ではなくて、虐待され殺されかけ病気で死にかけた子供は、
良くも悪くもたった一人で自分で自分を守らねばならなかったために
子供ひとりとひり独自の「世界でひとりぼっち」の認知を獲得するため、
生まれてこの方、人間と会話が通じたという感覚がありません。
これがよく言う「虐待サバイバーは世界でたった一人のように感じる」という言葉につながるのでしょう。
「弱い者たちが夕暮れ 更に弱い者を叩く」
人間も動物です。
ヒトは自分より弱い者を瞬時に見抜く能力を持っています。
ですから、生きているだけで御の字の省エネサバイバーは、
「より弱い虐待」で傷ついた人に搾取される運命にあります。
つまり、家族に性虐待され続けた女性が、東大に入れ教育虐待された高収入家庭育ち男にDVされる、みたいな構図です。
これはちょっと複雑なので自分の例で説明しますね。
私は生きるか死ぬかの世界を生きていて、親も周囲の大人も友達も助けてくれなかった。
だから、誰かに頼るとか、何かに依存するという概念が獲得されていません。
だからタバコとかギャブルとか酒とかドラッグとか犯罪行為に依存しようと思いません。
だって間違いなく死に近づきますよね。
酒ってすごいと思うんです。
あんな警戒心ゼロで自分を曝け出しているということは、世界を安全だと無意識に思えているってことでしょう?
私は人生で一度も酔ったことがありません。
そもそもいつ殺されるか分からない認知の世界で生きているのに、
あんな無防備に酔っ払って本音を言える人がとてもとても素敵で羨ましいです。
私はきっと一生「酔っ払って何もかも忘れて安心する」ことは出来ないでしょう。
酔っ払っいより知識や努力や集中力はあるかもしれない。
けれど、酔っ払っえる、何か趣味に依存出来る、というのは、とても人間らしい高次なレベルであることがご理解いただけたでしょうか。
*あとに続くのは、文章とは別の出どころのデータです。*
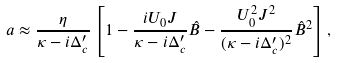Convert formula to latex. <formula><loc_0><loc_0><loc_500><loc_500>a \approx \frac { \eta } { \kappa - i \Delta ^ { \prime } _ { c } } \left [ 1 - \frac { i U _ { 0 } J } { \kappa - i \Delta ^ { \prime } _ { c } } \hat { B } - \frac { U _ { 0 } ^ { 2 } J ^ { 2 } } { ( \kappa - i \Delta ^ { \prime } _ { c } ) ^ { 2 } } \hat { B } ^ { 2 } \right ] ,</formula> 
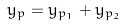<formula> <loc_0><loc_0><loc_500><loc_500>y _ { p } = y _ { p _ { 1 } } + y _ { p _ { 2 } }</formula>

逆に、虐待サバイバーの別名とも言える「境界性パーソナリティ障害」の人は、関係性の依存症です。
私はBPD=ボーダーラインです。恐らくは高機能BPDでした。
先日、精神科医の鑑定でも、やはり境界例であることはほぼ確実と言われました。
つまりパーソナリティ障害の最高峰を上り詰めてしまった、ことが正式に分かったわけです。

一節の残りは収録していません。